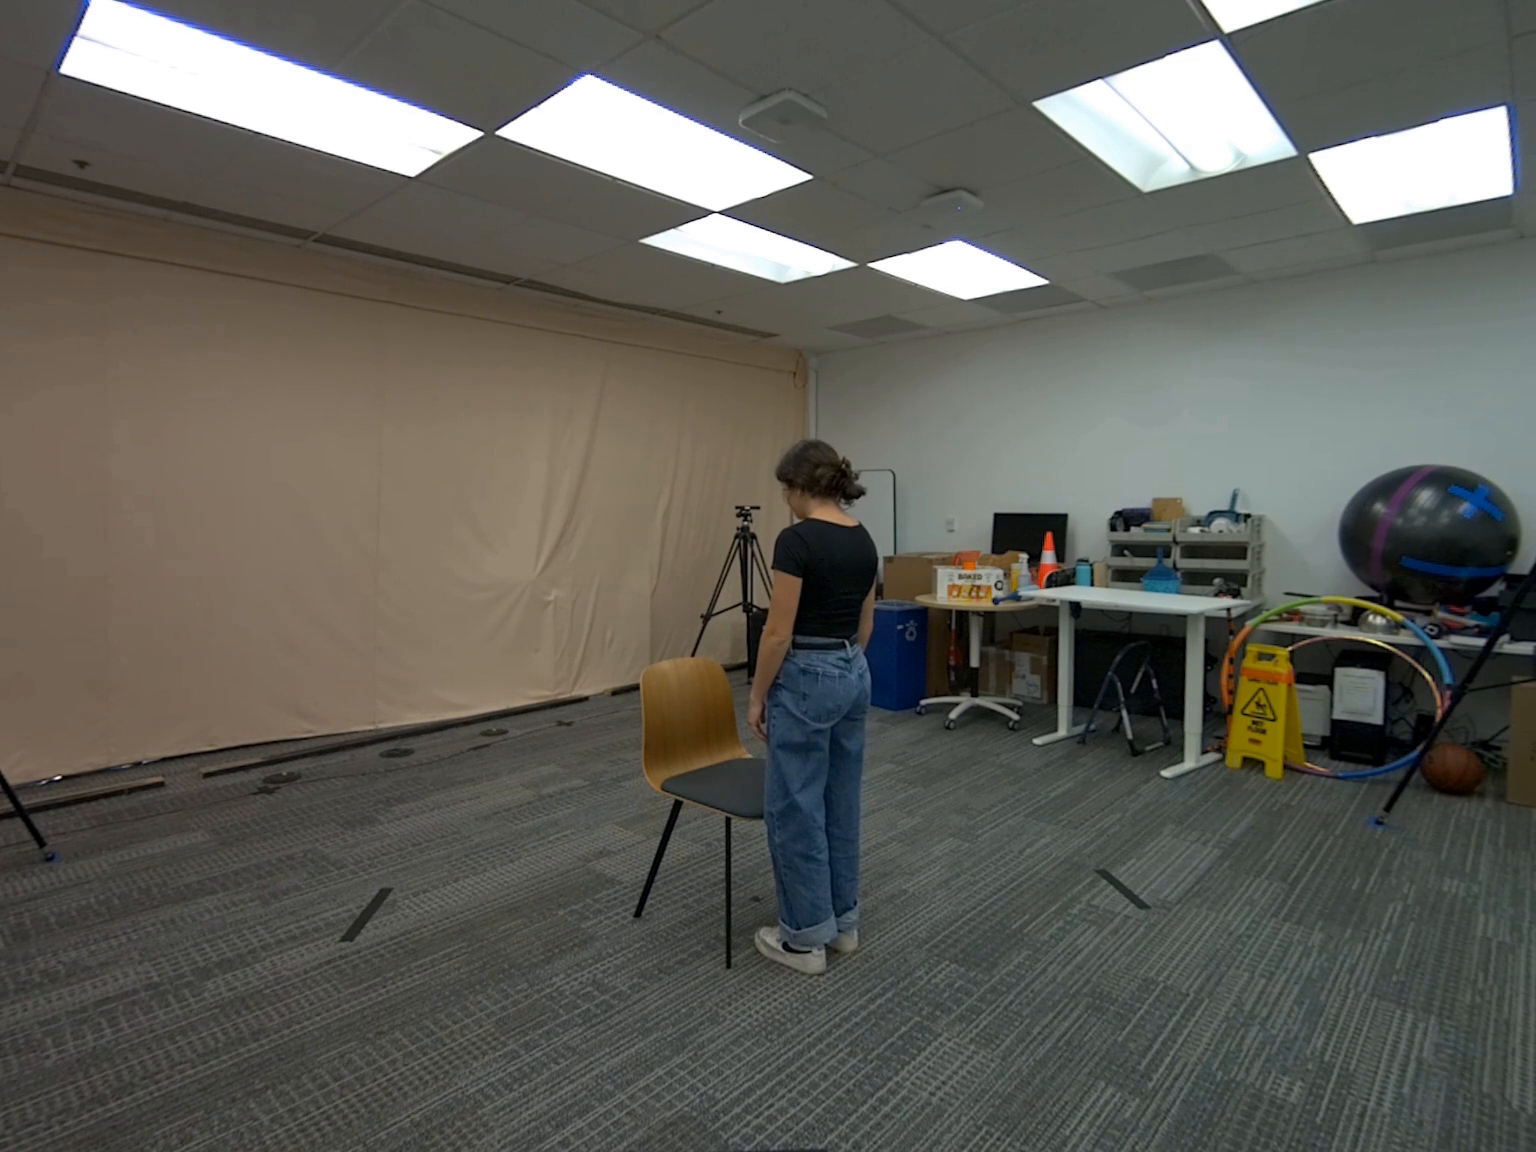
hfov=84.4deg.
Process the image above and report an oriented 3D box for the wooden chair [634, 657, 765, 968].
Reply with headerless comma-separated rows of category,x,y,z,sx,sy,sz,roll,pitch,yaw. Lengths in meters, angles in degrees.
wooden chair,-0.133,0.736,2.816,0.540,0.877,0.463,-2,1,44

▶ **Exercise description**: Print the entire listing above verbatim. No picture should be included.

▶ **Result**:
hfov=84.4deg.
Process the image above and report an oriented 3D box for the wooden chair [634, 657, 765, 968].
Reply with headerless comma-separated rows of category,x,y,z,sx,sy,sz,roll,pitch,yaw. Lengths in meters, angles in degrees.
wooden chair,-0.133,0.736,2.816,0.540,0.877,0.463,-2,1,44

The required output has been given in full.